It is probably the weirdest news of the year. At a community feast in Rankin Inlet, Nunavut, Canada on May 25, 2009, the Canadian Governor-General Michaelle Jean helped an Inuit elder skin two seals and she and her husband Jean-Daniel Lafond later ate the raw seal’s heart and arctic char in solidarity with traditional fish and seal hunts.
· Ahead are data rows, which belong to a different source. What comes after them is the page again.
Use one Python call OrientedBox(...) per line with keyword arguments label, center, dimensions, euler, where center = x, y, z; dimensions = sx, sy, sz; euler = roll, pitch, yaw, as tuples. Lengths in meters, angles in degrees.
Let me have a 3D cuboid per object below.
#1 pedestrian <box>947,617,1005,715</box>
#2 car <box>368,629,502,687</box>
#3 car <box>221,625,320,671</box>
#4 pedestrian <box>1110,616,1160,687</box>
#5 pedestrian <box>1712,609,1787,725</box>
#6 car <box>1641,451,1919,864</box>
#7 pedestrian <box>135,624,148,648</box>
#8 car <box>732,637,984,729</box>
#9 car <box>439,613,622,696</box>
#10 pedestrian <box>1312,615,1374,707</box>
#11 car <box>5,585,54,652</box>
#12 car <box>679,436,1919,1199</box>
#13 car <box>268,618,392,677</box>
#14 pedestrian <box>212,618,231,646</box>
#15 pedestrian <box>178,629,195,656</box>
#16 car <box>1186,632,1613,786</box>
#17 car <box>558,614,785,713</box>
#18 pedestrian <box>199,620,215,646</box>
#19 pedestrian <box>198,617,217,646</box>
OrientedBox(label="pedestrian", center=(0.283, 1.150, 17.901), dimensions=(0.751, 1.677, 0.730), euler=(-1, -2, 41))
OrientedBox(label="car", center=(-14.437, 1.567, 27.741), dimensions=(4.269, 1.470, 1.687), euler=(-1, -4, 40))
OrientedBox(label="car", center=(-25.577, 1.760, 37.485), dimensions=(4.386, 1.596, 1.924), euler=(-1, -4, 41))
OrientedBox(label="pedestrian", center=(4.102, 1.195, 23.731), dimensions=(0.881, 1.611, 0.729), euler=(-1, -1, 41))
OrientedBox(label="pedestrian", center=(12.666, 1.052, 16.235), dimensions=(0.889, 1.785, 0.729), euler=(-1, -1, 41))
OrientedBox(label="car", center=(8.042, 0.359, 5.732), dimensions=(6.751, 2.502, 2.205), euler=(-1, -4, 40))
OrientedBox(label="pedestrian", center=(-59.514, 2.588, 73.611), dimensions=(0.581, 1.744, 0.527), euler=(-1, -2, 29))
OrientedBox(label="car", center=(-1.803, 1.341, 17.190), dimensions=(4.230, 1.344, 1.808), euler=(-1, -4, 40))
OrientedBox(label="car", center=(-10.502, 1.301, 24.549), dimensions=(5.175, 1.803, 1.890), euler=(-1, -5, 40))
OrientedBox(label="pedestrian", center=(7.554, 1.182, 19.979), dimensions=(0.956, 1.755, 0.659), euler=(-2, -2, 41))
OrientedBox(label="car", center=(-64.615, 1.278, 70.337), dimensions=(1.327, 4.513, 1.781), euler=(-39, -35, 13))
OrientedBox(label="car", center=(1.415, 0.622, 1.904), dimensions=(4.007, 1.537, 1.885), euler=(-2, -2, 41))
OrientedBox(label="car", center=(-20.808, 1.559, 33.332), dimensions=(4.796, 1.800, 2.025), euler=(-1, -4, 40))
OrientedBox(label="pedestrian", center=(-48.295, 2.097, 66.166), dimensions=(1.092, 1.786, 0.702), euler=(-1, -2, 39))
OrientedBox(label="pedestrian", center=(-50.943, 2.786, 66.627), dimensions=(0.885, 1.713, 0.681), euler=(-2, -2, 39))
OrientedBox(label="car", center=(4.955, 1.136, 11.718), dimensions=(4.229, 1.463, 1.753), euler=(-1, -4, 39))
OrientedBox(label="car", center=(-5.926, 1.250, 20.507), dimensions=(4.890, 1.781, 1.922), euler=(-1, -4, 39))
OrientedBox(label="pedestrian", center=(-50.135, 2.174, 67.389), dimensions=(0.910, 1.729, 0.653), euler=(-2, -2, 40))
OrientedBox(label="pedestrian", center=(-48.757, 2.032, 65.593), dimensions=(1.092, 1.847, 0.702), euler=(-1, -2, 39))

On the Governor General’s final official visit to the Arctic, she used a traditional blade to cut the seal and asked the owner, “Could I try the heart”? And then she did.
Wiping her bloody fingers with a tissue, Jean said it is difficult to believe anyone would characterize the traditional hunting practices as inhumane. The graphic and perhaps disgusting (literally, not metaphorically) act was a direct slap in the face of the European Union, which had earlier called the seal hunt “inherently inhumane” and banned it. Although the vote was overwhelming in Europe, Canadian Prime Minister Stephen Harper protested that the seal hunt is not any more inhumane than the accepted, legal slaughter of animals in the EU.
Canada, Greenland and Namibia kill 60 percent of the 900,000 seals slain each year. Other seal-hunting countries include Norway, Iceland, Russia and the United States. The above photo is by Sean Kilpatrick, covering for The Canadian Press.